Michael Moore: CNBC's Rick Santelli 'Classist, Bigotist'

Left-wing filmmaker Michael Moore and CNBC’s Rick Santelli couldn’t be more philosophically opposite. Style of argument differs too: Michael Moore assumes the worst in people that oppose his view.

In a March 12 appearance on WNYC 93.9 FM/820 AM’s “The Brian Lehrer Show,” Moore was asked to react to Rick Santelli’s February 2009 call for action against the Obama administration proposal to offer a housing relief through the taxpayer to those who got in over their heads on their mortgages.

“Ah, the sound of angry white guys wafting its way through the airwaves,” Moore said. “Obviously that was a pivotal moment for that, but if you notice what he’s railing against is he’s blaming the whole mortgage crisis on the little guy who took out a mortgage he shouldn’t have taken out, living beyond his means, having a home with too many bathrooms, when in fact – as my movie points out – the FBI of all people, have stated clearly through their own investigation that 80 percent of this mortgage crisis that we’ve gone through has been caused by the banks and lending institutions, by the fraud committed by the banks and the lending institutions – not by the person who’s living beyond their means.”

According to Moore, people living beyond their means is nothing new, and Santelli’s outcry was nothing more than classism and bigotry.

“Listen, there’s always been people who live beyond their means, who shouldn’t be spending money,” Moore continued. “I mean, it is not a new thing. You probably have someone in your family who does that. I have someone. It may even be you, Brian. But that’s not a new thing. It never caused a financial collapse before. This collapse was caused by the people right down the street here who took people’s mortgages, divided them up a thousand ways, bundled them and sold them off to people in China, Russia and everywhere else and that’s in part why we’re suffering through this. The way Santelli presented it was a classist, bigotist way of presenting it.”

Moore’s interpretation of Santelli’s Feb. 19, 2009 call is curious because Santelli was not railing against people who got in over their heads financially. Instead he was attacking the policy responses offered by the Obama administration and the federal government. However, Moore insisted it was nothing less than 1930s-era-type propaganda used to whip up anger at other citizens, rather than politicians and CEOs.

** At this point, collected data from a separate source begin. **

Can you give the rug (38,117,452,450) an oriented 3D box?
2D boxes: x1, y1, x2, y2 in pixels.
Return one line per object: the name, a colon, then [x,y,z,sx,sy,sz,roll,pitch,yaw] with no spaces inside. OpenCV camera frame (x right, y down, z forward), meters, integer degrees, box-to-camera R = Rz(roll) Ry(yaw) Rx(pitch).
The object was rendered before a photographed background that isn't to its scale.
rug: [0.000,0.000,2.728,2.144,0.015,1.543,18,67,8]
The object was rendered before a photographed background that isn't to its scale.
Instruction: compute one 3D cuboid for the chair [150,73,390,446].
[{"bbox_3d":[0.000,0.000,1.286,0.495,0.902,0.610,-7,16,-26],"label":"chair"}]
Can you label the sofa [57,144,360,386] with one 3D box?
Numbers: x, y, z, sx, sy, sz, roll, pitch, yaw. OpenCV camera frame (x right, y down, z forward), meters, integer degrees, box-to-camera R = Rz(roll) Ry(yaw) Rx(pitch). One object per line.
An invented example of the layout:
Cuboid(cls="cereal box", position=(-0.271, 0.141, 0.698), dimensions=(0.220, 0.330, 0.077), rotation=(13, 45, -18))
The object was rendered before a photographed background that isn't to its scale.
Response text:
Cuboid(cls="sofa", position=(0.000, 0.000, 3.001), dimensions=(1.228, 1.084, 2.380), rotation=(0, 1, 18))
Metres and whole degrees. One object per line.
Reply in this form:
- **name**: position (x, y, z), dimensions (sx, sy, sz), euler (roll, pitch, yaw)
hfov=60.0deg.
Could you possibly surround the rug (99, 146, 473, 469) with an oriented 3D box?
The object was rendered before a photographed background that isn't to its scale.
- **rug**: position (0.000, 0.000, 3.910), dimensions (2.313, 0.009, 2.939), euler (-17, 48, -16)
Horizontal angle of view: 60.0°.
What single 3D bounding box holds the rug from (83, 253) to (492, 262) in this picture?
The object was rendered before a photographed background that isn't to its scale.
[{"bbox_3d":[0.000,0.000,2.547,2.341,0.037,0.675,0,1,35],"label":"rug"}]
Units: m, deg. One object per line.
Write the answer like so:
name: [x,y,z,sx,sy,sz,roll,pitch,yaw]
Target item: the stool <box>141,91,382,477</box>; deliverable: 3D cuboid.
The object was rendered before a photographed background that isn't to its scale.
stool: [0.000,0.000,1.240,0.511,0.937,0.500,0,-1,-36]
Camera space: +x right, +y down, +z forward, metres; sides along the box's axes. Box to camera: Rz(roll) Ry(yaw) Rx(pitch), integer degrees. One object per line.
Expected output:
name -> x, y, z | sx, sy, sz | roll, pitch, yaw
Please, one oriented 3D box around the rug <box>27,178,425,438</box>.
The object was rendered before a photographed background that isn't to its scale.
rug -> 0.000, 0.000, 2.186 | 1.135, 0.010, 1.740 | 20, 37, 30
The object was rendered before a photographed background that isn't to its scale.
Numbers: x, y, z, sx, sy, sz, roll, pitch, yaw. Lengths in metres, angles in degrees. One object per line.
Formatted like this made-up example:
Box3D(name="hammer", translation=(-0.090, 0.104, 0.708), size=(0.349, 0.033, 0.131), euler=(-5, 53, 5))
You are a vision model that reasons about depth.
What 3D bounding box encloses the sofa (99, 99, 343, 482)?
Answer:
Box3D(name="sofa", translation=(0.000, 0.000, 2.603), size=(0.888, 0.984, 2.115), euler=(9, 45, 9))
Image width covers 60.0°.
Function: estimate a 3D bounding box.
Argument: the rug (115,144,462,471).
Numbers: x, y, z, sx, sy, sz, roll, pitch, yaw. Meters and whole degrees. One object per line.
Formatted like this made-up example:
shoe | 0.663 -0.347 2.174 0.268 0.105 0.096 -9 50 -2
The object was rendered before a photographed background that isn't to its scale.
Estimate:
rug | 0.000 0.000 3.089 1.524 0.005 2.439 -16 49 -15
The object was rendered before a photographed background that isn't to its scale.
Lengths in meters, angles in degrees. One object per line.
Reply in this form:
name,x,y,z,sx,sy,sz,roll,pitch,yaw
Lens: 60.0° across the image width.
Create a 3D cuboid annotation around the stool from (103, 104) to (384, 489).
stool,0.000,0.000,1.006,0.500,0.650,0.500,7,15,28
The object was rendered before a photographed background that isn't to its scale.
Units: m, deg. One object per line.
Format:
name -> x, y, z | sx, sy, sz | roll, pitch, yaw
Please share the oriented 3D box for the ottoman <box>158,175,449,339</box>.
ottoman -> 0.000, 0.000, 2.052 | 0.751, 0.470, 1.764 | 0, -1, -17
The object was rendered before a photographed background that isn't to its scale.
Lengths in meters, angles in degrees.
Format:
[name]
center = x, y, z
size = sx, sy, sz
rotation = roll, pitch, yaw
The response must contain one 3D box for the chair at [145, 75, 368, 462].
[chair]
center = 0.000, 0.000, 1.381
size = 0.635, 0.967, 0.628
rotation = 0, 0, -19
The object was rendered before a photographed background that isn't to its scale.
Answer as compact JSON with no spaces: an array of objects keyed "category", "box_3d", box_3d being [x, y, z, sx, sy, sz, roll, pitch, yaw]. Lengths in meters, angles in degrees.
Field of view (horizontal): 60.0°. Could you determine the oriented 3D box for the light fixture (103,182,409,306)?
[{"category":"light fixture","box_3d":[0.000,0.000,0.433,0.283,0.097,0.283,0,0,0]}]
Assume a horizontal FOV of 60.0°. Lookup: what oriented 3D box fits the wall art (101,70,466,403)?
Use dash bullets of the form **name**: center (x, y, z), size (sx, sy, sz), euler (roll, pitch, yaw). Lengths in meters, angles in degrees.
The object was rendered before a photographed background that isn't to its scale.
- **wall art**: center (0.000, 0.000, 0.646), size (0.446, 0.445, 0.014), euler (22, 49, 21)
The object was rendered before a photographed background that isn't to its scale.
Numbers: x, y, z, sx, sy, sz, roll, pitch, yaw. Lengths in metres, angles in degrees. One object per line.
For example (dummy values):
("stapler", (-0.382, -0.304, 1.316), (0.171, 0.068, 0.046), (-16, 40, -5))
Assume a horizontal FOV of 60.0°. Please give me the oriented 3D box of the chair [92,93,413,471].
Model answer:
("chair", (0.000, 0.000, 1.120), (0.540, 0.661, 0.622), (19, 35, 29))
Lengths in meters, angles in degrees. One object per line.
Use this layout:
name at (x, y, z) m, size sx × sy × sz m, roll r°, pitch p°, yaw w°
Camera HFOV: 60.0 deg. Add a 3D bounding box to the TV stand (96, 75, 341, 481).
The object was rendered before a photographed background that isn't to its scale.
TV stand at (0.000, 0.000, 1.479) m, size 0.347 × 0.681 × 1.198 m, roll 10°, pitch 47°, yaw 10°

“I remember ever since I was a kid, I can remember people complaining about ‘those people’ in the ‘inner city,’ people on welfare, oh, ‘look at them driving the Cadillac down the street and they’re on welfare,’” Moore said. “You know, I mean this kind of bigotry is not new and it’s very easy. I mean, that’s a telling moment. If you watch that and you just wanted to wind the clock back 70, 80 years – whipping up people who are hurting because of the economy and blaming it on essentially on their fellow citizens as opposed to the leadership, the political leadership, the corporate leadership – it’s a very, very easy thing to do and why this is actually kind of a scary time. If liberals and the left don’t have a plan, don’t have a program, don’t have something to offer to these people who are hurting and suffering – they will be easily manipulated by the right.”

But if people in the Tea Party movement, inspired by Rick Santelli, were outraged at their “fellow citizens,” as Moore contends – why are the protests occurring in Washington, D.C., the center of the U.S. federal government?